8 Best Books For Medical Students Update 05/2022

A lot of people who study medicine have to study long hours and have very little time to read. However, even though studying medicine can sometimes feel like it’s taking over your life, you might be interested in hearing from people who have already been through it and come out on top. Here are seven great books that are mostly written by practicing doctors. They should help you remember why you decided to study medicine in the first place, and they are all good.

This is Going to Hurt: Secret Diaries of a Junior Doctor by Adam Kay

Over the past year, this book has been a bestseller, won four National Book Awards, and been the Sunday Times No. 1 Bestseller for over eight months. It’s also been a lot of fun. To find out why this book has enthralled so many people. Adam Kay, a Junior Doctor who writes about his work for the UK’s NHS in obstetrics and gynecology, has to be the reason for this. He is so open about his work for the NHS. Kay doesn’t leave anything out when he writes about his life as a junior doctor, and the results are often shocking, funny, and heartbreaking.

A lot of people who study medicine will like this book because it can make you laugh out loud, but they’ll also like that it’s not always pretty. Anyone who really likes this book will be happy to hear that the BBC is making a TV show out of it. Fans may also want to read Kay’s new book, T’was the Nightshift Before Christmas, which came out this year.

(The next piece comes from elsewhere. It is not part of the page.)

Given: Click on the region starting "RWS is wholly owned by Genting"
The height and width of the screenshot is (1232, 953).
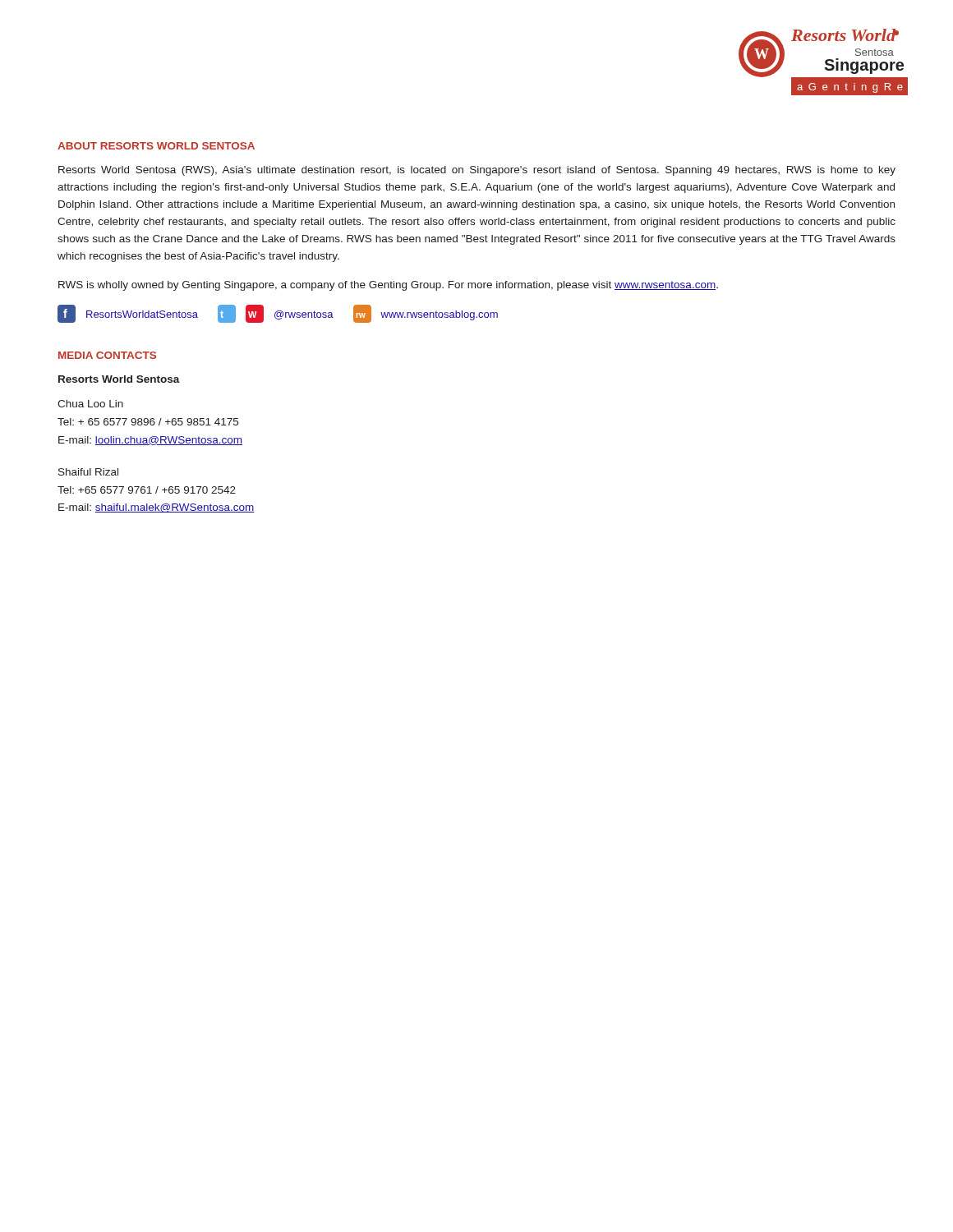Looking at the screenshot, I should (388, 284).

When Breath Becomes Air by Paul Kalanithi

When Paul Kalanithi was 36, he was about to finish medical school. He was diagnosed with inoperable lung cancer and had to give up his job as a neurosurgeon. After a long time as a doctor, he became the person who was dying.

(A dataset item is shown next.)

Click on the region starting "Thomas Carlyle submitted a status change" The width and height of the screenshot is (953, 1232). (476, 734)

What comes out of this is a heartfelt look at life and death, as well as the relationship between a doctor and a patient. In spite of its gloomy subject matter, this book will be hard for you to forget. Anyone who wants to become a doctor or is already a doctor should read this book.

The Man Who Mistook His Wife for a Hat by Oliver Sacks

The Man Who Mistook His Wife for a Hat, which has sold more than a million copies, is a “provocative exploration of the mysteries of the human mind.” It was written by Oliver Sacks, who has been a neurologist for 50 years.

Sacks tells stories about people who have lost their memories and can no longer recognize things or people they used to know. He also tells stories about people who are very good at art or math. These case studies are part of what made this book so popular. Medical students will enjoy this book because it shows how medicine and psychology work together in a very interesting way.

The Intern Blues by Robert Marion

This movie is about three interns who had to deal with 100-hour weeks, being given life or death responsibility, and surviving on very little sleep during their year-long internships.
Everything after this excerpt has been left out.